Work to be completed: Return the run of lines below that opens with the line containing "#2 ink cartridge box" and closes with the line containing "#5 sneaker (594, 52, 719, 539)", keeping each one exact.

Dataset content:
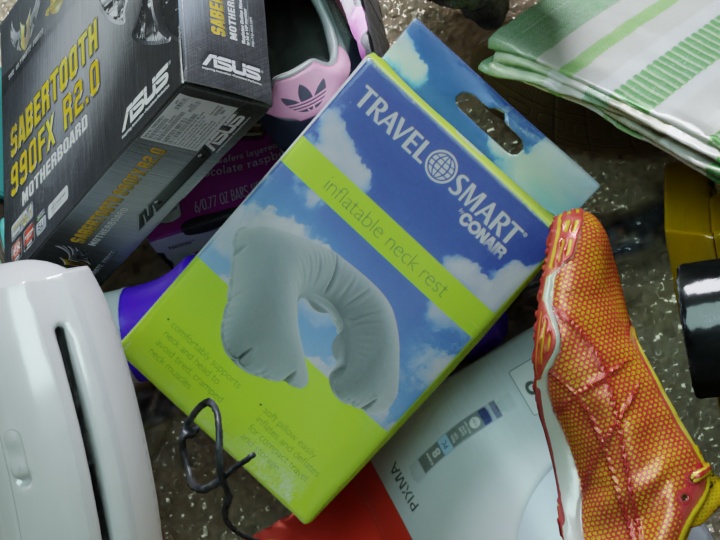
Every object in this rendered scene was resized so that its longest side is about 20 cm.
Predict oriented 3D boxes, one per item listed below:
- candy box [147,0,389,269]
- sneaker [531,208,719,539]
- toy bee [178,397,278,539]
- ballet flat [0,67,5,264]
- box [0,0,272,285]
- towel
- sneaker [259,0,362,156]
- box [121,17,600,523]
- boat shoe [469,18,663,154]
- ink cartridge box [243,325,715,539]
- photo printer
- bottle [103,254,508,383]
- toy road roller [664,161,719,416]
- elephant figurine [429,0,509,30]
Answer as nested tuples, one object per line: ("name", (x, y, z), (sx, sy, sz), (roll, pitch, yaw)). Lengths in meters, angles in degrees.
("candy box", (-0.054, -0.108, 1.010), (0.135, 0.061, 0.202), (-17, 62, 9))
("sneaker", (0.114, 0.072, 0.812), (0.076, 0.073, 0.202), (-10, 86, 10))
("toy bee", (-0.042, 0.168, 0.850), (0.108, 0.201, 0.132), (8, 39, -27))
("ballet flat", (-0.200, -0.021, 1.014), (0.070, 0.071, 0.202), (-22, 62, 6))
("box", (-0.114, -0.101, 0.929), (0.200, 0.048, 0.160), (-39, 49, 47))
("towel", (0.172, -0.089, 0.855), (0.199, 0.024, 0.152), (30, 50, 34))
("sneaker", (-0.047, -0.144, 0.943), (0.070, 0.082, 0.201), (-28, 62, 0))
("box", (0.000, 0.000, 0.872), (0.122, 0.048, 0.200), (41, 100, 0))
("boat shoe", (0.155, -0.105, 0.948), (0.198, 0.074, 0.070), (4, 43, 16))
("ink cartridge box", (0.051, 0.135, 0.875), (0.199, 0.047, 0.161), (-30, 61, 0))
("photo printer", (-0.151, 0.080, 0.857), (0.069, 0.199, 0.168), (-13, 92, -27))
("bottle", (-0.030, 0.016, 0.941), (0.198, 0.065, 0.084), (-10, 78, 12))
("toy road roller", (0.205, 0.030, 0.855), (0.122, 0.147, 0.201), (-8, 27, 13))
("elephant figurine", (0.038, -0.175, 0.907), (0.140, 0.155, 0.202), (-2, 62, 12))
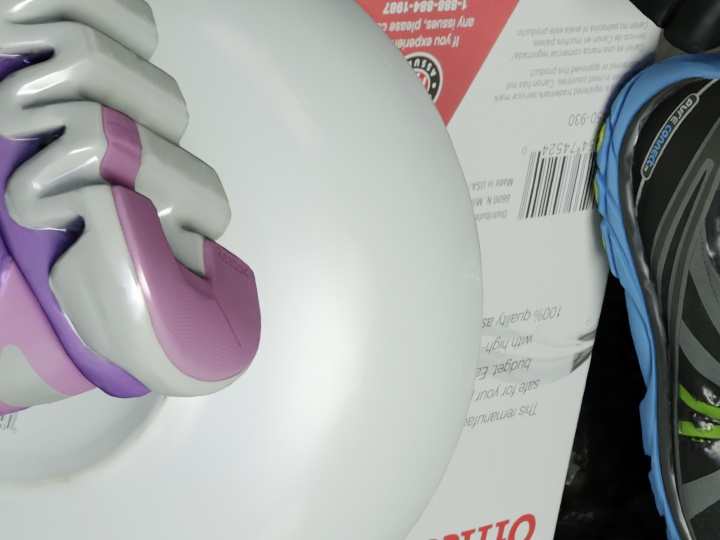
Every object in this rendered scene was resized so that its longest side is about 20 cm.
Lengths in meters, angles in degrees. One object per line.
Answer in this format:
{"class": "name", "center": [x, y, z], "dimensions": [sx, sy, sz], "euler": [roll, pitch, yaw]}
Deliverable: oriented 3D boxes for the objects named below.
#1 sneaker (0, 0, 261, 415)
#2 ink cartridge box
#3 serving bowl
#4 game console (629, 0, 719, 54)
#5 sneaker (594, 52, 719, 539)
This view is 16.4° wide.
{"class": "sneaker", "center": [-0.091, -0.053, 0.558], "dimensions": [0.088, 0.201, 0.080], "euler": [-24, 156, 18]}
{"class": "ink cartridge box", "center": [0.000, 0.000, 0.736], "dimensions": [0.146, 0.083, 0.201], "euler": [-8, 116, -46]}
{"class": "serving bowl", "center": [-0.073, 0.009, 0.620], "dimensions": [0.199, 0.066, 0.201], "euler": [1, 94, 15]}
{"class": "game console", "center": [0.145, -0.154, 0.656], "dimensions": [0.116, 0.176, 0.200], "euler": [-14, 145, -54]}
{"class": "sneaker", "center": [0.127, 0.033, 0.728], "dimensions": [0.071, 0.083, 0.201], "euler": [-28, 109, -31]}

---

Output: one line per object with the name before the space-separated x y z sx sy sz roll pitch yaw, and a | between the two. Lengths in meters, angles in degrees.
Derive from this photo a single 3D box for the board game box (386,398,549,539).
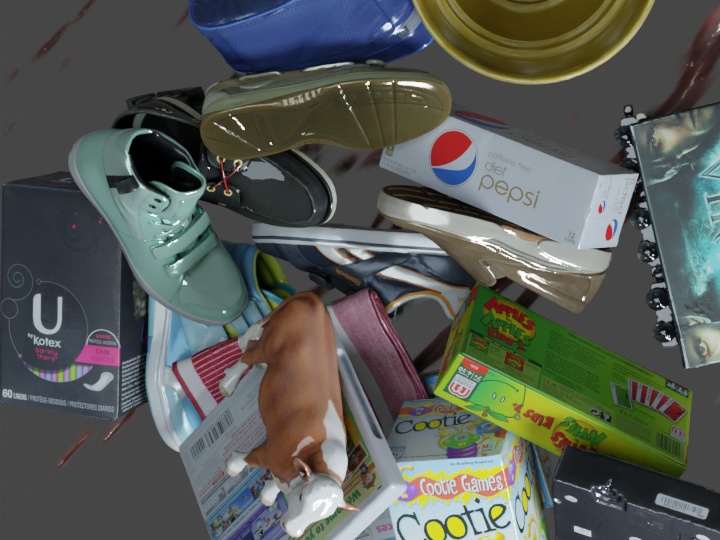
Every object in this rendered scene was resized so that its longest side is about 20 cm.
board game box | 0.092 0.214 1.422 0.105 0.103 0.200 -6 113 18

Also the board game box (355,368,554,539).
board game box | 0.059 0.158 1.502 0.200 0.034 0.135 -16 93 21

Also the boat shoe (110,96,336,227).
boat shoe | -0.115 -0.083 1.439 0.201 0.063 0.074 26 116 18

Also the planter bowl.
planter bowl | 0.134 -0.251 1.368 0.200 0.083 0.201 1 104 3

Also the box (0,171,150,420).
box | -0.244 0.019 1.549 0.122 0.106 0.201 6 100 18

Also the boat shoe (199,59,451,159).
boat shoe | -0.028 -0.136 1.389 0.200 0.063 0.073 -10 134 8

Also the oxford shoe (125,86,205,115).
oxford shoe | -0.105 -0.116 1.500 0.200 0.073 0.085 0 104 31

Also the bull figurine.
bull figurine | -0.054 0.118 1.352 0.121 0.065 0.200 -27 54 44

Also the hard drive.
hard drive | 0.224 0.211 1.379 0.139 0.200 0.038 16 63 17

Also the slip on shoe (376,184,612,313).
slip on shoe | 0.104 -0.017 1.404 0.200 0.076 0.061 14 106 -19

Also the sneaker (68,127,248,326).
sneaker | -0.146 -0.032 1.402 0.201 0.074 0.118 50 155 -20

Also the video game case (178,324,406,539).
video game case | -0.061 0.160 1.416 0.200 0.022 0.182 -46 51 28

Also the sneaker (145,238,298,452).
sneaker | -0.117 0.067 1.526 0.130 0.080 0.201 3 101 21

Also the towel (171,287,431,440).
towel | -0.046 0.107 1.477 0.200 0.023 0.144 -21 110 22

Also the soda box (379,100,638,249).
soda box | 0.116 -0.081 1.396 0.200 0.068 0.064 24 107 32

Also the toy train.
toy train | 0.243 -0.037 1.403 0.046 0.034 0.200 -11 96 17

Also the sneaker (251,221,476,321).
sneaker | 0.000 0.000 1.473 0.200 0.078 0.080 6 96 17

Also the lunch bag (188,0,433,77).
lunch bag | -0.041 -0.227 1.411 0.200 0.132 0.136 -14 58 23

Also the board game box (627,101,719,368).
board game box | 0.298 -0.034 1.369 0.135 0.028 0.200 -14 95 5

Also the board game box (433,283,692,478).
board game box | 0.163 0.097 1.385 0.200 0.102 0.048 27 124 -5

Task solution:
#2 ink cartridge box
#3 serving bowl
#4 game console (629, 0, 719, 54)
#5 sneaker (594, 52, 719, 539)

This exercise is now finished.